Home Property Slow to sell homes found to be over priced, but is this the only reason agents can’t shift them?

Slow to sell homes found to be over priced, but is this the only reason agents can’t shift them?

by Seamus Doherty Property Reporter
26th Sep 24 11:33 am

Research by material Information and digital property pack provider, Moverly, has found that properties which are slow to sell all have notably higher asking prices than the wider market.

But is overpricing the only problem slowing down the transaction process?

Moverly analysed current data on slow-to-sell homes – properties that have been on the market for at least 14 months since their initial listing – to see which regions have the highest proportion of slow to sell properties, how their asking prices compare to each respective region’s overall average house price, and whether there might be an additional link between slow-selling homes and the level of local market activity.

The research shows that, on average across England, homes that are deemed as slow to sell are priced 22% higher than the wider average asking price.

With the highest prices in the nation, it’s no surprise that London is home to the most slow-to-sell properties, accounting for 19% of the national total,  followed by the South East (16%) and the South West (12%).

In all three of these regions, slow-to-sell homes are also listed at some of the highest asking prices when compared to their respective regional averages.

In London, slow-to-sell homes are priced, on average, 20% higher than the capital’s overall average asking price, while in the South East the difference is 18.1%, and in the South West it’s 15.5%.

However, Moverly’s analysis suggests slow-to-sell properties do not solely result from high pricing.

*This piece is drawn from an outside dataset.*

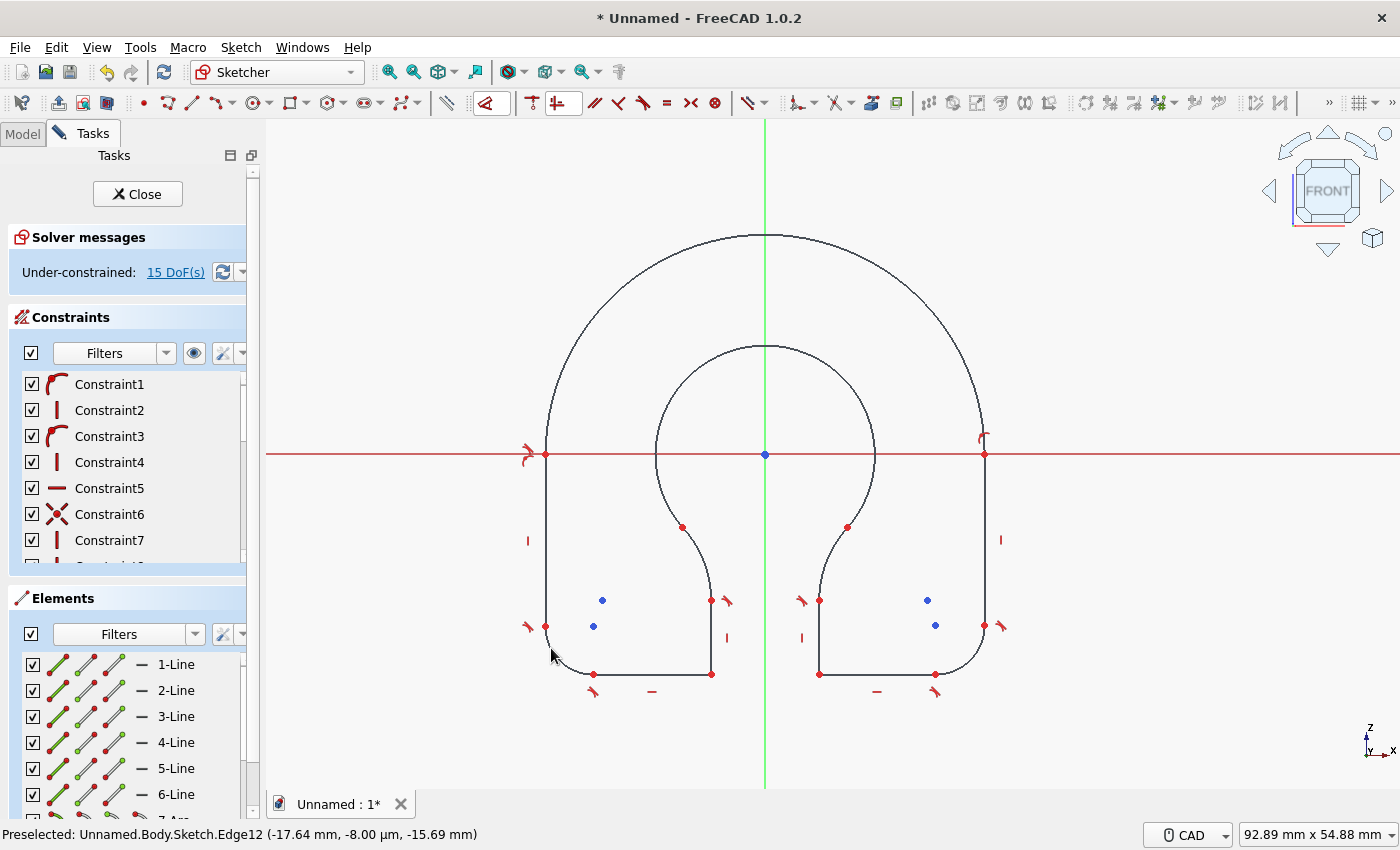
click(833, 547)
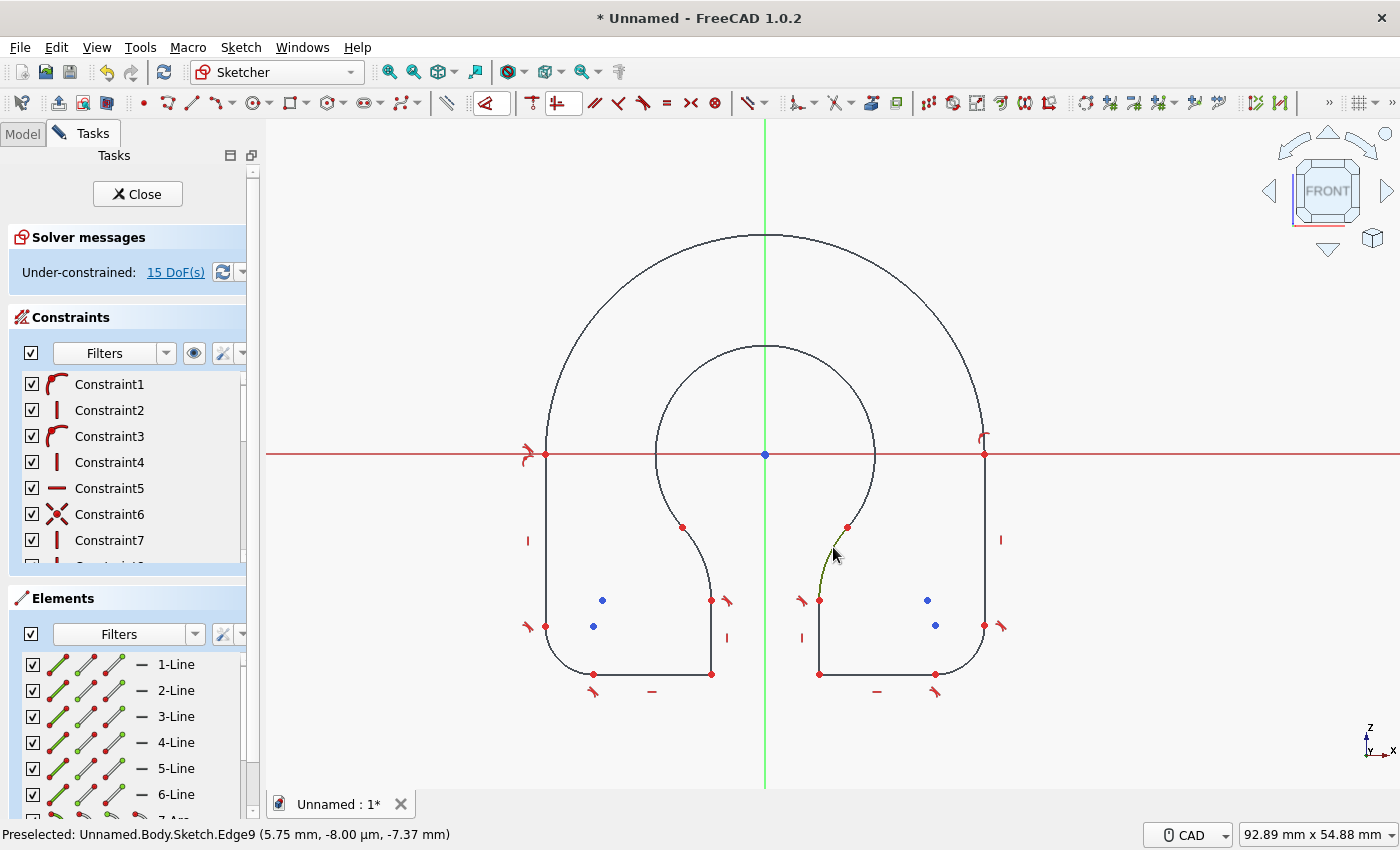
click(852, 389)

For example, the North West also has one of England’s highest proportions of slow-to-sell homes (12%), but these properties are only priced at an average of 4.6% above the region’s wider average house price.

At the other end of the spectrum, the West Midlands has one of England’s smallest proportions of slow-to-sell homes (9%) despite the fact that they’re priced 10.4% higher than the regional average – which is the highest level of overpricing across all regions.

So what else can cause sales to drag on?

Further analysis of sales volume by Moverly shows that over the last 12 months 540,450 properties have been sold across England. This is an average of 60,050 transactions per region.

It’s noteworthy that the top four areas with the highest proportion of slow-to-sell properties have also seen significantly higher levels of market activity over the past year when compared to this regional average.

The South East has seen 93,385 transactions, followed by the North West (72,992), South West (64,121), and London (61,953).

Meanwhile, and to further illustrate the point that heightened market activity may be a factor in slow sales, the North East is home to the nation’s smallest proportion of slow-to-sell properties (5%), and the lowest number of transactions (28,897).

Gemma Young, Moverly CEO, said, “The correlation between prolonged market presence and inflated listing prices underscores the critical importance of aligning pricing strategies with current market conditions. However, our data reveals that pricing is just one piece of the puzzle in addressing slow-selling properties.

Operational challenges in bringing properties to market and guiding them through to completion significantly contribute to delays. The initial stages of listing a property are pivotal. Gathering comprehensive information upfront is not only essential for compliance with Trading Standards’ Material Information requirements but also serves as a key strategy to reduce time on the market.

Agents who excel in this area are those who proactively address administrative and legal processes. By collecting both material and preliminary legal information early on, these agents position themselves advantageously to manage inquiries, conduct viewings, and negotiate offers efficiently. Consequently, the provision of comprehensive upfront information becomes a powerful tool in accelerating sales and distinguishing high-performing agents in a competitive market.”